I thought briefly about small scale hydroelectric as it would be possible to buy property where we're looking that may or may not have a stream with enough head to support it, but water use regulations and other challenges make it a little less attractive.  Wind is something else I wouldn't want to get involved with either.  Besides, with the above listed systems I would have two and two.  My question is this-how do you tie all of this stuff together in such a way that it works seamlessly and can operate completely independent of the grid if needed?  Let's start with hot water since that at least seems easier to me.  Evacuated solar tubes are pretty simple devices that can generate very hot water even in cold weather, but of course are subject to the availability of sun.  Does anyone here have evacuated solar tied in with a wood boiler system?  If so how did you do it?  Anyone have ideas on how TO do it?  Either way I'm thinking that there would have to be some sort of computer controlled devices involved in order to regulate where hot water was going and how hot it was allowed to get.  That's where I get totally lost...

Now for electricity.  I realized a moment of frustration when I learned that most grid-tied photovoltaic systems do not work when the power goes out, presumably because systems that could adapt to power outages are much more expensive.  The idea of being tied to the grid is attractive to me mainly because of the idea of selling power back to the company, plus my main fear would be if generator suffered a catastrophic failure that would result in me waiting for parts/etc...and in the meantime only having photovoltaics as a power source.  So here is the question-if I were to install a photovoltaic system large enough to power the entire house plus a large permanent generator, how could they be installed in such a way that would allow everything to coexist?  Would I need large banks of batteries?  If so, what kind of battery life would I be looking at?  Replacement every five years?  Ten years?  I realize that this is a lot to answer, but what I'm hoping will happen is that a bunch of folks interested in the same concepts get together and exchange some ideas and help each other better understand how this stuff can work.


----------



## d.n.f. (Nov 10, 2009)

Hydro power runs 24/7 (unless the source freezes).  No batteries needed.  I was about to install a system but then we moved... Batteries are a huge cost and they don't last forever.
PV panels.  Lots of sites will tell you how much power you will generate depending on lat/long and also cloud cover.  Without rebates solar is expensive and not that efficient for electrical. You will need to modify your lifestyle if you are truly off-grid.
Solar is dirt cheap for hot water.  
Unless you are in one of those windy zones it seems wind power is more a novelty power source.

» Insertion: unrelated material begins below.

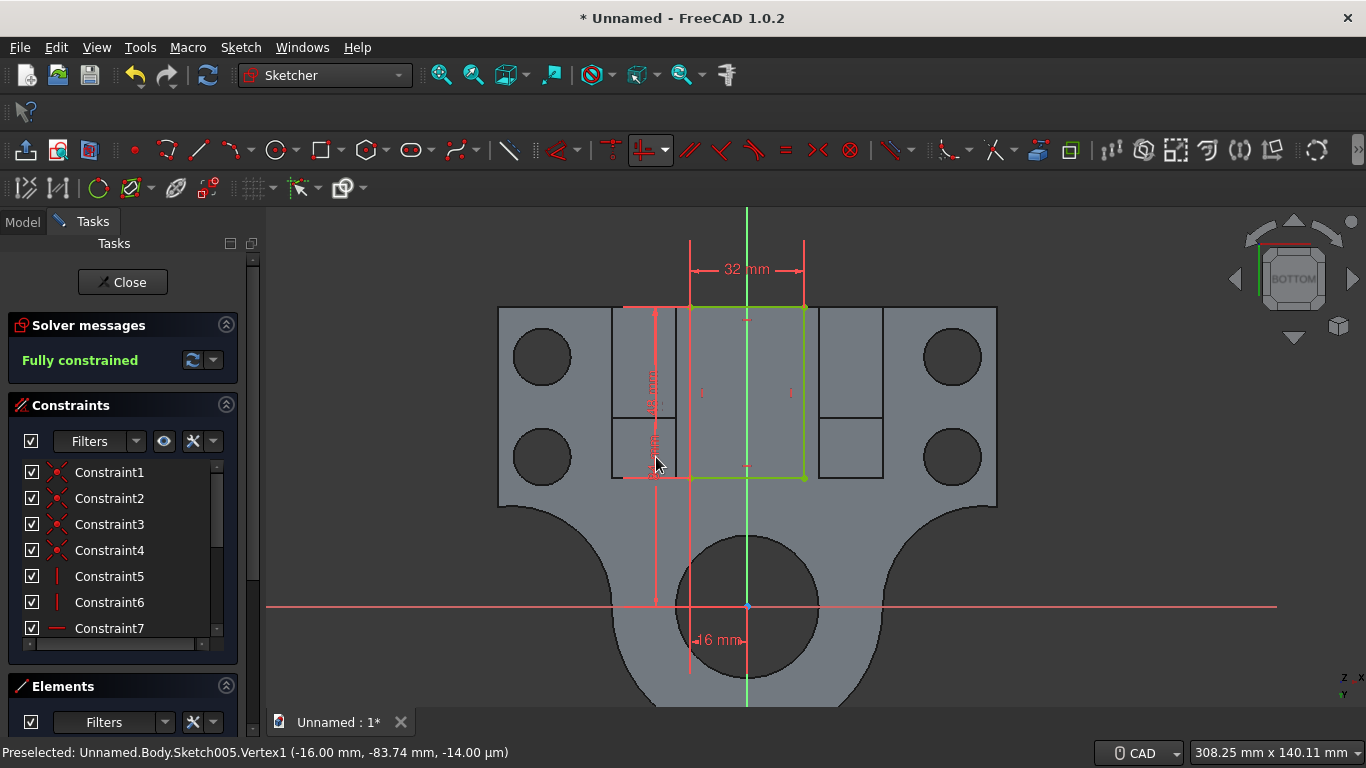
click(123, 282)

There are a lot of people out there that work on off the grid power stuff.  They know how to tie all these things in together.  Finding a non-quacky one is another matter.  Good references and all.


----------



## Badfish740 (Nov 10, 2009)

d.n.f. said:
			
		

> There are a lot of people out there that work on off the grid power stuff.  They know how to tie all these things in together.  Finding a non-quacky one is another matter.  Good references and all.

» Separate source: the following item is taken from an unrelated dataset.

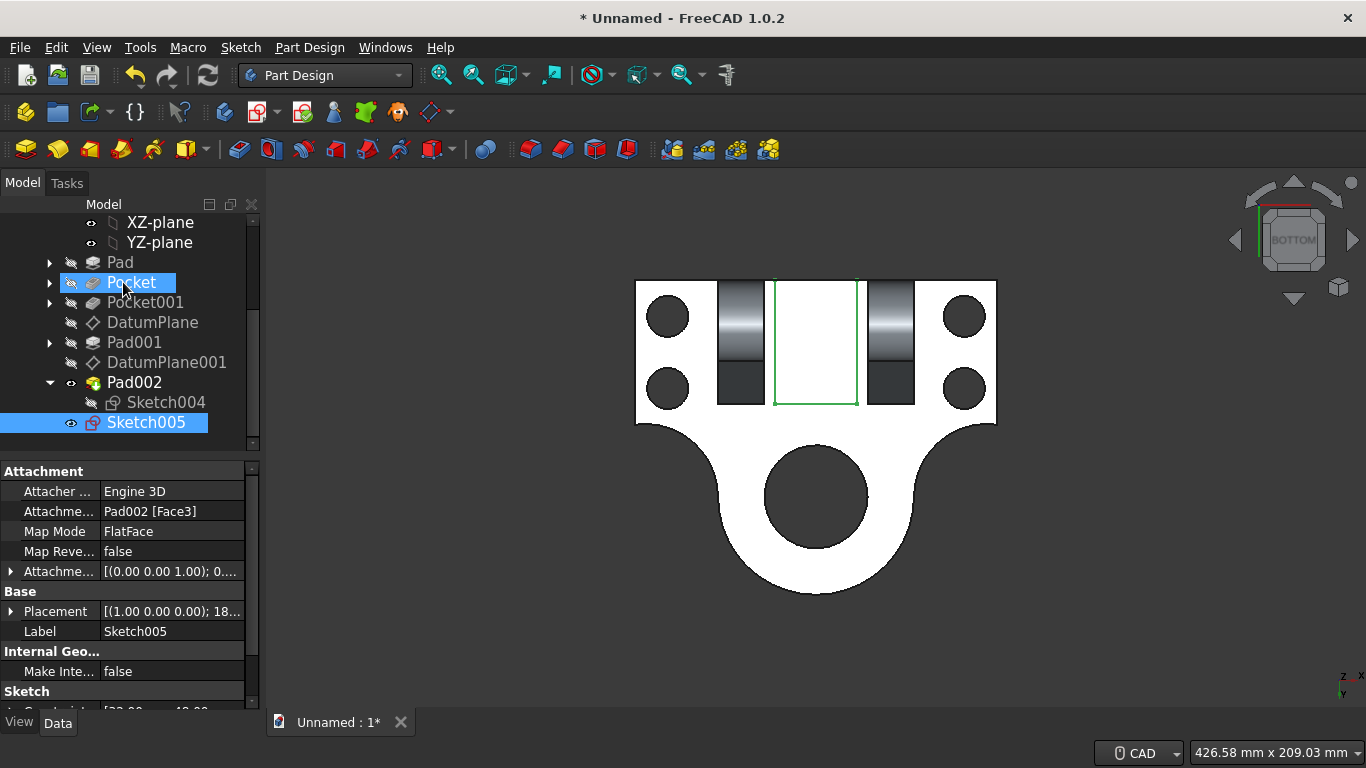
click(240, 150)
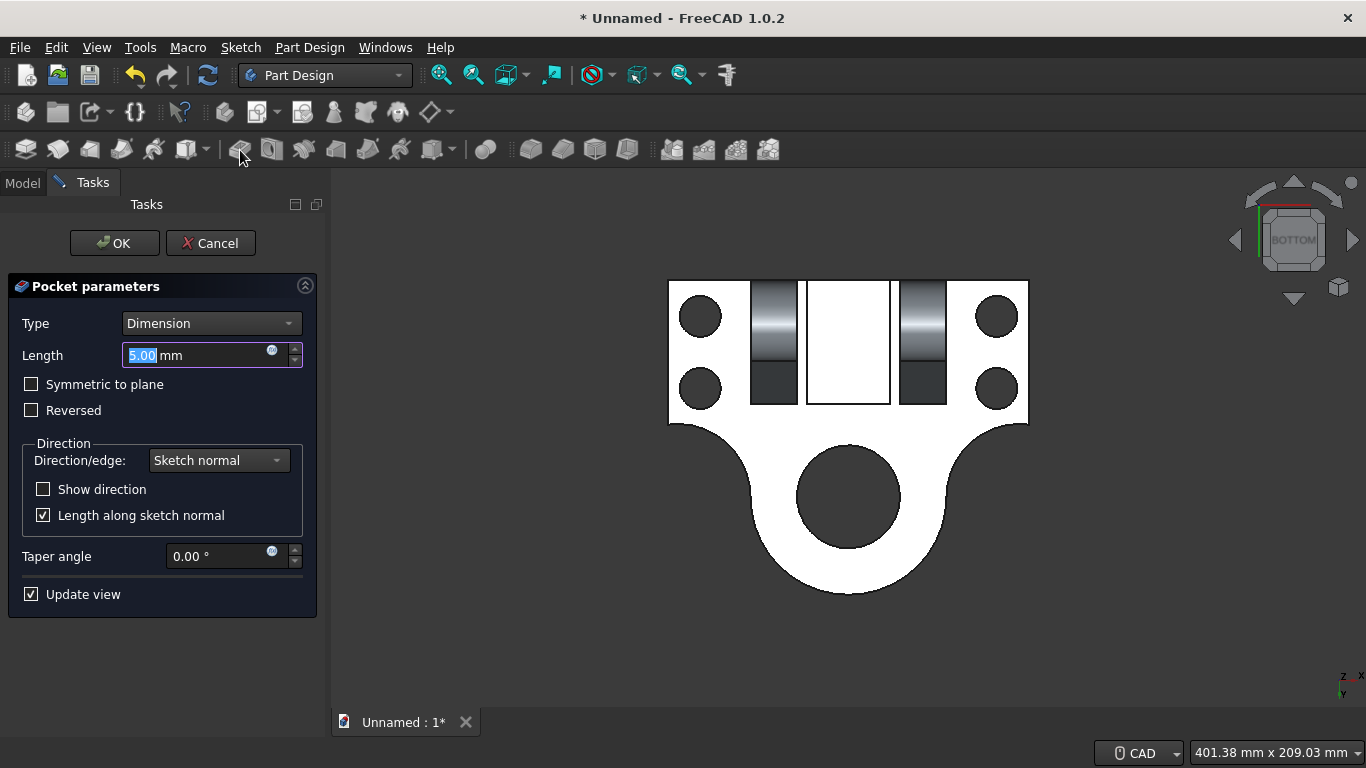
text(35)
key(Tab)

Yeah-the non-quacky part is a tough one.  This guy seems to have his stuff together though:

http://www.f1-rocketboy.com/lister.html

His application is generator only, but after a bit more reading the way I understand it is that grid tied systems can be used in conjunction with generators through the use of a simple transfer switch.  Basically under a normal situation the grid is tied to the home as the switch has two positions-grid feed and generator feed.  In this configuration the solar panels operate and feed any excess power back to the grid.  When the power goes out, the switch is turned to generator feed allowing the power to flow from the generator into the house.  What I don't fully understand at this point is that let's say the power goes out on a bright sunny day.  The generator is now feeding the house so no problem there, but what about the solar panels?  Where does that power go?


----------



## Jags (Nov 10, 2009)

steam engine turning a generator.  Electric and hot water all in one.  

Good luck on your quest.  I would like to do this at a later time in my life as well.


----------



## Badfish740 (Nov 10, 2009)

Jags said:
			
		

> steam engine turning a generator.  Electric and hot water all in one.
> 
> Good luck on your quest.  I would like to do this at a later time in my life as well.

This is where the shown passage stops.